# POTM January 2004 - part 1



## Judazzz (Jan 13, 2003)

1.









2.









3.









4.









5.









6.









7.


----------



## kouma (Sep 1, 2003)

This month it doesn't seem that people took serious pics, just pics on the go. Previous month and the one before were the best!!


----------



## Atlanta Braves Baby! (Mar 12, 2003)

kouma said:


> This month it doesn't seem that people took serious pics, just pics on the go.

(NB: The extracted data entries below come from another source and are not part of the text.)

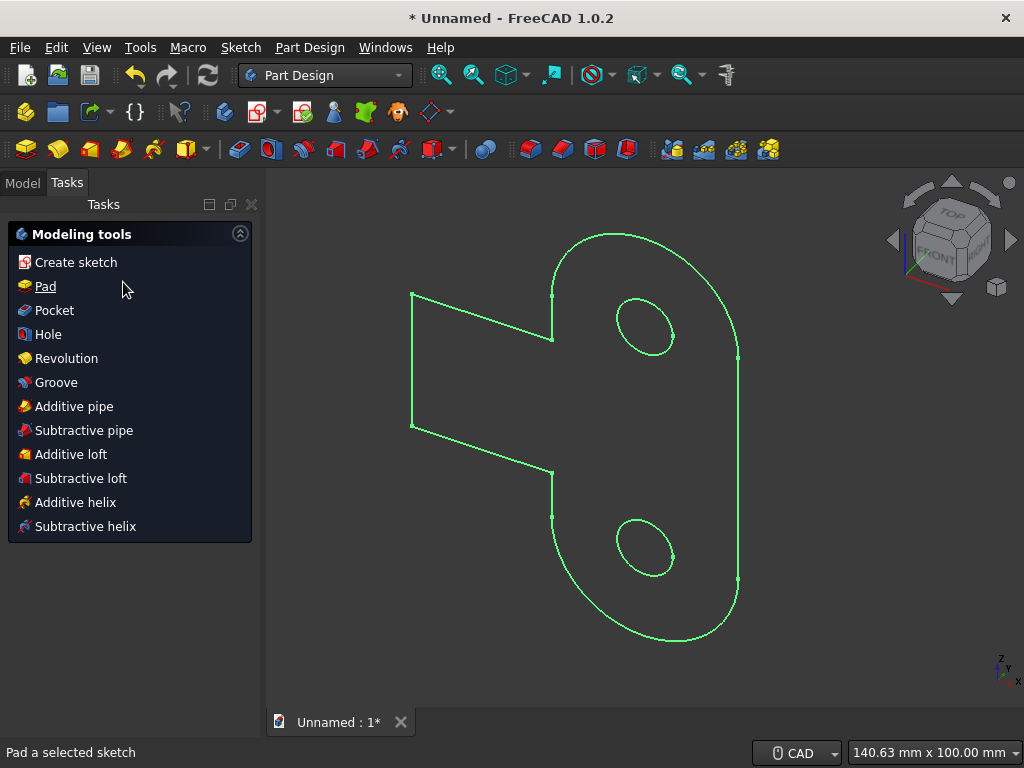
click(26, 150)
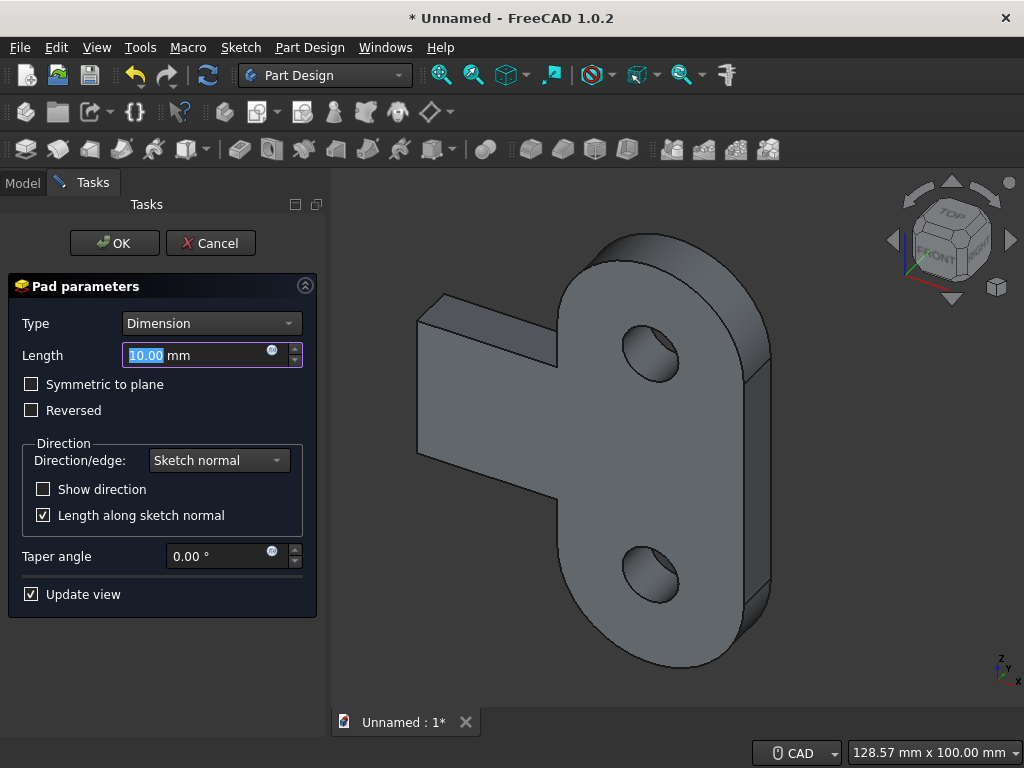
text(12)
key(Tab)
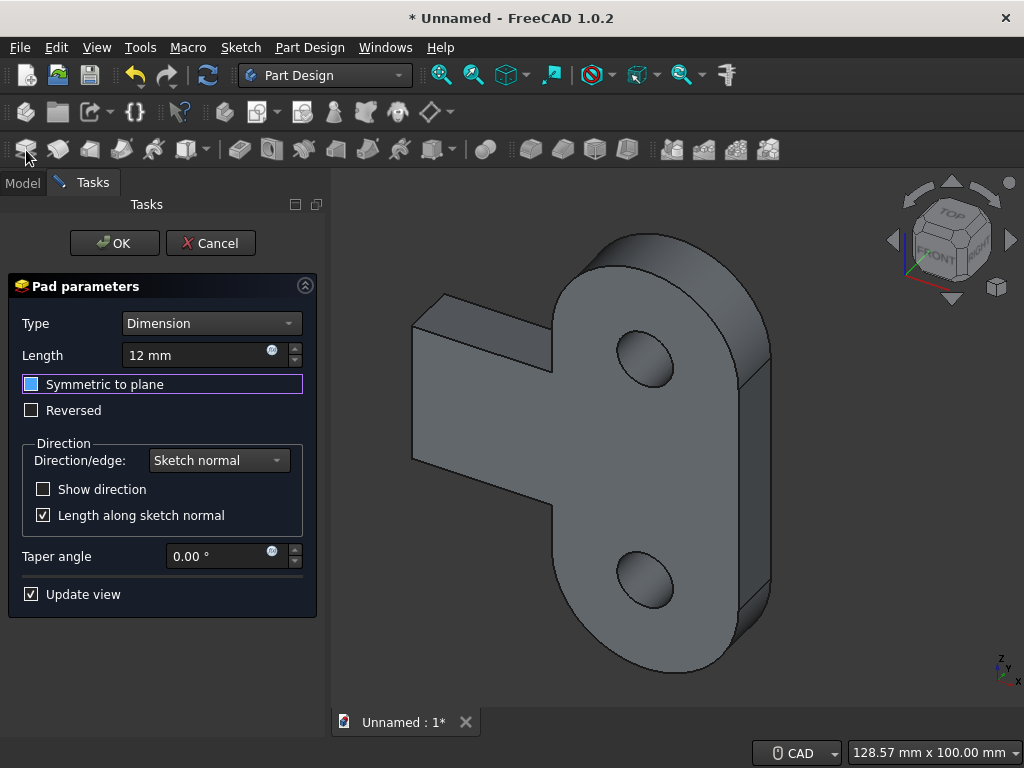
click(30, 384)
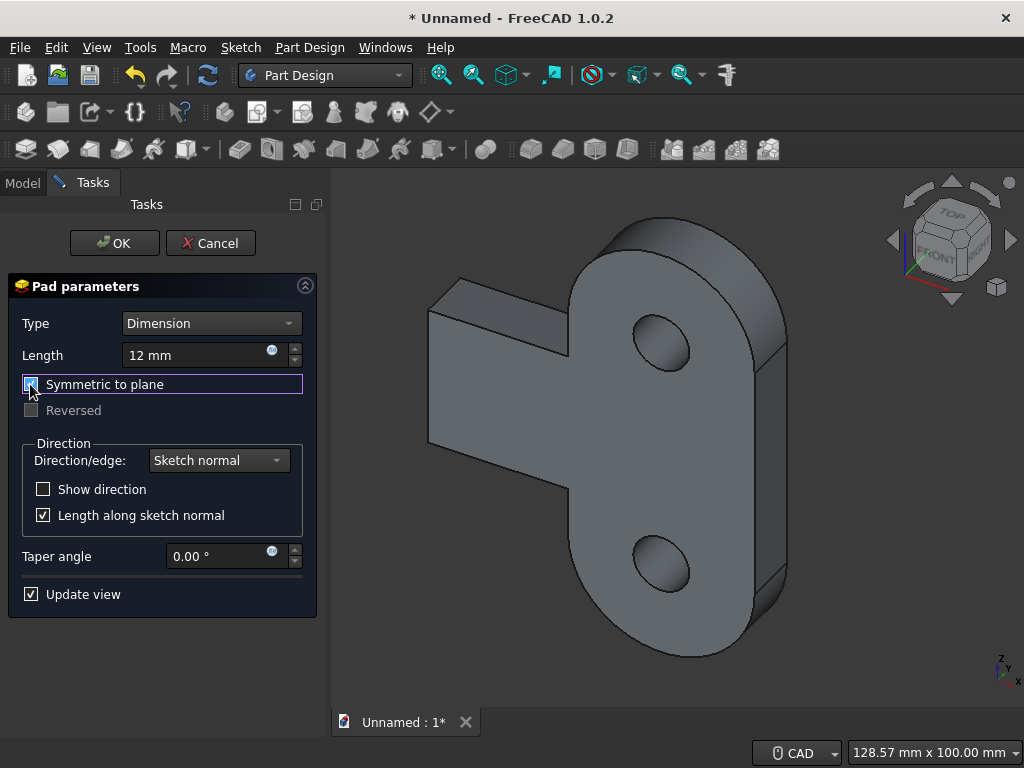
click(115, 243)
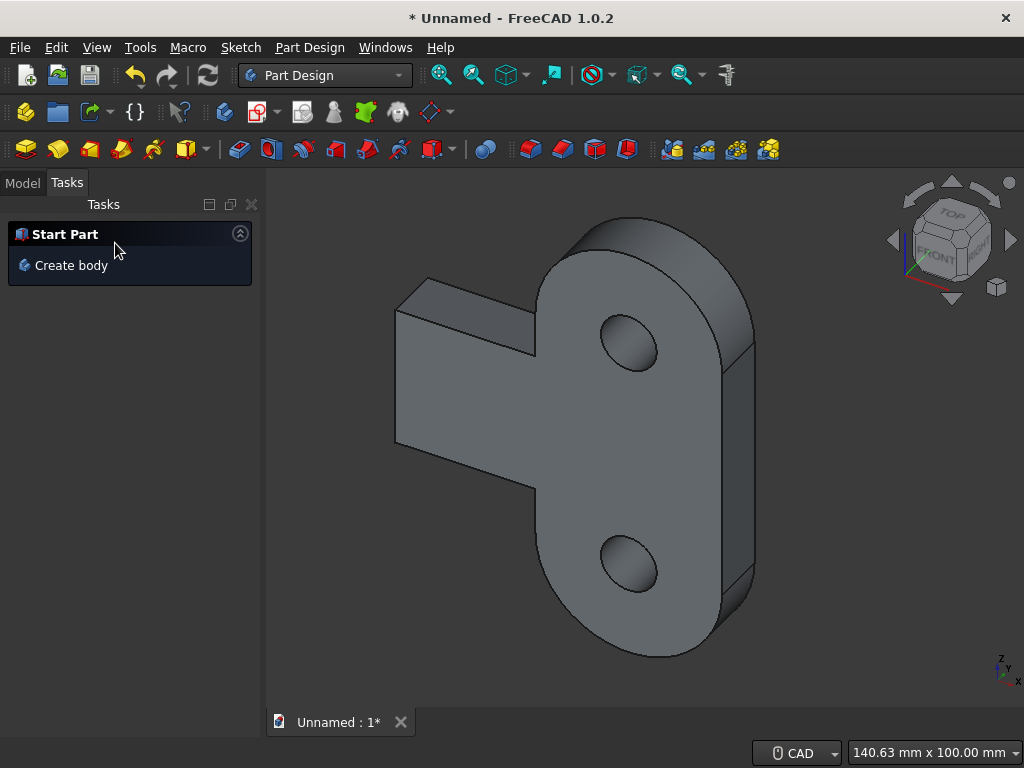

Previous month and the one before were the best!!


 #4 is really clear and crisp.


----------



## Death in #'s (Apr 29, 2003)

nice shots


----------



## phil (Feb 15, 2003)

SHot 3 looks great!


----------



## DiXoN (Jan 31, 2003)

no 4


----------



## fishofury (May 10, 2003)

Got my vote in :nod:


----------



## tecknik (Jul 18, 2003)

Voted!


----------



## Scooby (Dec 25, 2003)

yeah i voted also, but i agree some of the pics look like they were takin just to throw on, but whatever i wish i had a digicam so i could take some nice pics~!!


----------



## Judazzz (Jan 13, 2003)

kouma said:


> This month it doesn't seem that people took serious pics, just pics on the go. Previous month and the one before were the best!!


 I agree, but only to a certain extent.

I too think that last month's entries were over-all of a higher quality (although just by a tad), but you have to keep in mind that last month's finalists had pictures of almost ridiculously high quality: I don't think we had a better, more close finals in the past, ever...

But sharpness and quality aren't the only things that should be taken into consideration, IMO: it's the moment you capture that also counts (yawning, fighting, attacking, feeding etc.) - most once-in-a-lifetime shots are lucky shots, and therefore not the most crisp or high-quality pictures...
Besides that, many of us (me included) don't have a fancy-ass 5+ Megapixel camera, and have to manage with lesser means. Does that mean that those people would never be able to win?
I hope not...


----------



## Gordeez (Sep 21, 2003)

Good thing My camera isnt a fancy one
Its just plain Ole Grey!


----------



## pinoy (Oct 10, 2003)

#4









peace!!


----------